How to Insert Video in PowerPoint [4 Methods + Alternatives + FAQ]

Discover the four best methods for inserting video in PowerPoint, plus an additional alternative to make your presentations even better!

Dag Hendrik Lerdal
Updated on

PowerPoint presentations aren’t limited to just boring, static slides – you can insert videos to make your presentations engaging, visually appealing, and ultimately leave more of an impact on your audience.

Whether you want to include a video you’ve recorded yourself or found something on YouTube that’s perfect for your presentation, there are several methods to get the job done.

In this article, I’ll share 4 methods you can use to insert video in PowerPoint so you can supercharge your presentations and take them to the next level!

Why Add Videos to PowerPoint Presentations?

There are several benefits that come from inserting videos into PowerPoint. Videos are a powerful storytelling tool that engages audiences, makes information easier to digest, and helps you leave a lasting impact.

With them, you can show off your products, explain complex ideas, provide real-life examples, and much more. Plus, it improves the overall quality and effectiveness of your presentation.

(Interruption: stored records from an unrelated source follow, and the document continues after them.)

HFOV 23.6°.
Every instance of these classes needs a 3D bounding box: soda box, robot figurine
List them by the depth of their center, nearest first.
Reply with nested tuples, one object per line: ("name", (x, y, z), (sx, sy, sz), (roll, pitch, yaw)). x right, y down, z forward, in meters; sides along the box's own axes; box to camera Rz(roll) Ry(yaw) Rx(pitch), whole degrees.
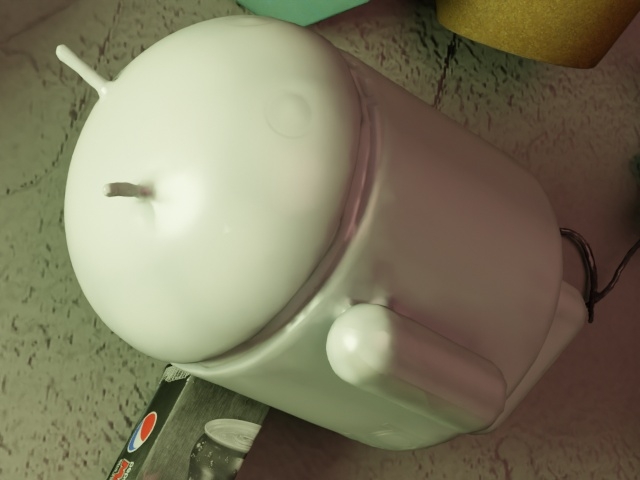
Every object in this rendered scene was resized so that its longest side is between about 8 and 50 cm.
("robot figurine", (0.000, 0.000, 0.885), (0.353, 0.300, 0.199), (28, 102, -38))
("soda box", (-0.096, 0.154, 0.908), (0.060, 0.053, 0.169), (36, 64, -17))

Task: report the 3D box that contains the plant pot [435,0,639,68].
("plant pot", (0.174, -0.255, 1.049), (0.237, 0.237, 0.254), (6, 109, -28))

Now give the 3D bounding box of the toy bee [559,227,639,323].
("toy bee", (0.318, -0.038, 1.124), (0.195, 0.162, 0.298), (42, 62, -16))

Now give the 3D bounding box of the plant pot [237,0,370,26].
("plant pot", (-0.031, -0.264, 0.988), (0.166, 0.165, 0.234), (-45, 109, -30))

Embedded videos will also make your life easier. No need to swap between YouTube and presentation – you can have it all in one spot. This way, you can control the flow of the presentation more easily and keep your viewers locked in.

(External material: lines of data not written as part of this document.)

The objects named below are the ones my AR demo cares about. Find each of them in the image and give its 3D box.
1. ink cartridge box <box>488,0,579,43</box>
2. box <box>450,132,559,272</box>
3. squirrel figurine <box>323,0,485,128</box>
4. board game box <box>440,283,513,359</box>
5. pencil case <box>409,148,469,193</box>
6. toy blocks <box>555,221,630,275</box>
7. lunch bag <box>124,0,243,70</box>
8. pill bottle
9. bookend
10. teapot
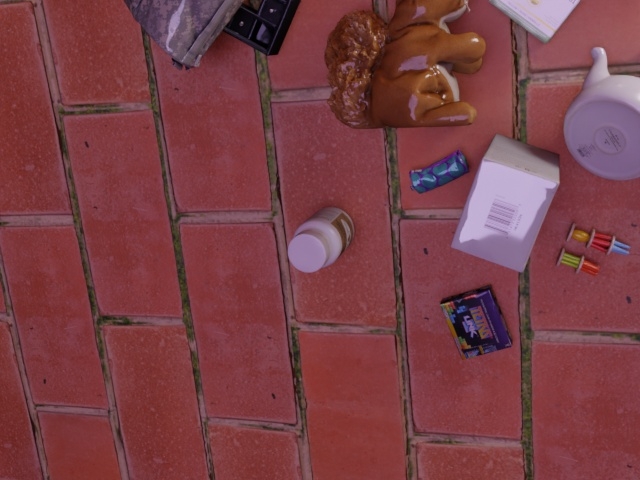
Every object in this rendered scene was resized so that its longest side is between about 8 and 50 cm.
[{"bbox_3d":[0.524,-0.595,1.695,0.171,0.056,0.235,39,116,4],"label":"ink cartridge box"},{"bbox_3d":[0.433,-0.098,1.716,0.168,0.345,0.215,20,112,11],"label":"box"},{"bbox_3d":[0.184,-0.451,1.739,0.396,0.281,0.371,0,100,16],"label":"squirrel figurine"},{"bbox_3d":[0.415,0.219,1.982,0.141,0.048,0.170,-20,99,24],"label":"board game box"},{"bbox_3d":[0.299,-0.174,1.890,0.151,0.065,0.070,-24,123,23],"label":"pencil case"},{"bbox_3d":[0.673,0.035,1.837,0.148,0.054,0.123,20,111,11],"label":"toy blocks"},{"bbox_3d":[-0.316,-0.609,1.843,0.305,0.212,0.256,-46,60,23],"label":"lunch bag"},{"bbox_3d":[0.000,0.000,1.952,0.131,0.229,0.131,5,108,17],"label":"pill bottle"},{"bbox_3d":[-0.157,-0.581,1.912,0.156,0.072,0.157,31,113,7],"label":"bookend"},{"bbox_3d":[0.690,-0.269,1.677,0.252,0.187,0.256,24,141,30],"label":"teapot"}]

And an often overlooked benefit of videos is that they increase the accessibility of your presentation. With videos, you can add captions and subtitles so people with language or hearing difficulties can still follow along.

With that out of the way, let’s talk about how to actually get videos into your PowerPoints.

How to Insert Video in PowerPoint

Here are a few methods to add videos to your PowerPoint presentations:

1. Add Videos from Your Device to PowerPoint

So you’ve channeled your inner Scorsese and have a video you recorded yourself – or you downloaded it – and now you want to add it to your PowerPoint to spice up your presentation.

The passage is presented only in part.